It has 3.5 in the back and I am pretty sure the same in the front. You do not have to much to worry about with the flex arm worse case scenario is you can buy a couple of lizard skin chain stay protectors which are made specificly for the OIZ or Scalple. Cannondale uses a similar rear chain stay minus it is thinner through out instead os a 4 inch section being flat. 

I don't own a OIZ, I have an Occam Carbon and will tell you that the workmanship on the frame is top notch.


----------



## Zaratustra (Jan 17, 2009)

kevbikemad said:


> how much rear susp does this bike offer?
> 
> i went from a firm short travel FS back to a HT with larger volume tires at low pressure... could not really tell the difference. (except for the HT being faster 90% of the time.)


85mm,enough to take the edge (they say)...

You put me to think,you did an interesting "switch",thanks...


----------



## sergio_pt (Jan 29, 2007)

very ugly frame, and orbea has one of the worse carbon frames of all manufacturers, fragile, low stiffness, ugly and heavy. passs!


----------



## zooford (Dec 20, 2006)

have the OIZ, love it.

it's an XC bike. if you want a marathon bike, get something different. If you want a bike that you can crash with rocks, get an aluminum bike.

that said, my frame has held up to a 24-hour race and some hard XC riding, so who knows.

the Occam is sweeeeeeeeeeeeeeeeet. and definitely a better marathon bike IMO.


----------



## Zaratustra (Jan 17, 2009)

Guys,thanks for your answers and for your time...:thumbsup:


----------



## Zaratustra (Jan 17, 2009)

zooford said:


> have the OIZ, love it.
> 
> it's an XC bike. if you want a marathon bike, get something different.

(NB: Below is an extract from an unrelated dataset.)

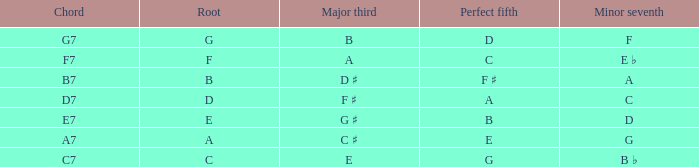What is the chord of f with a minor seventh? G7. 
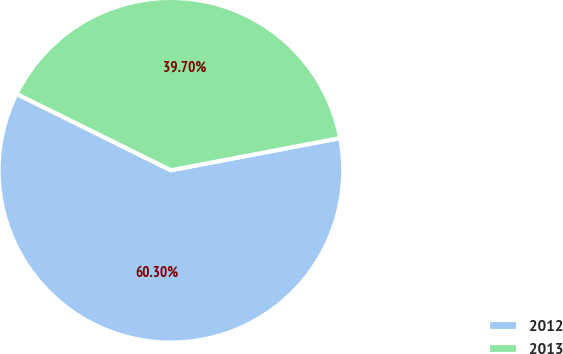Convert chart. <chart><loc_0><loc_0><loc_500><loc_500><pie_chart><fcel>2012<fcel>2013<nl><fcel>60.3%<fcel>39.7%<nl></chart>

If you want a bike that you can crash with rocks, get an aluminum bike.
> 
> ...


Yes,Occam seems a good frame.Thanks for the reply.
But i think it is not the proper for what i need now (my current one is a Fuel EX 9,i could keep it,it's a good bike,good climber,not too much AM,capable in multiple terrains.I could upgrade)...

...i will try to explain.....
I want to climb fast and much.Sometimes we go in the mountains for many miles (50 or more).I see it let's say,more like a training thing...Relatively slow descender...occasionally some road kilometers.I don't race.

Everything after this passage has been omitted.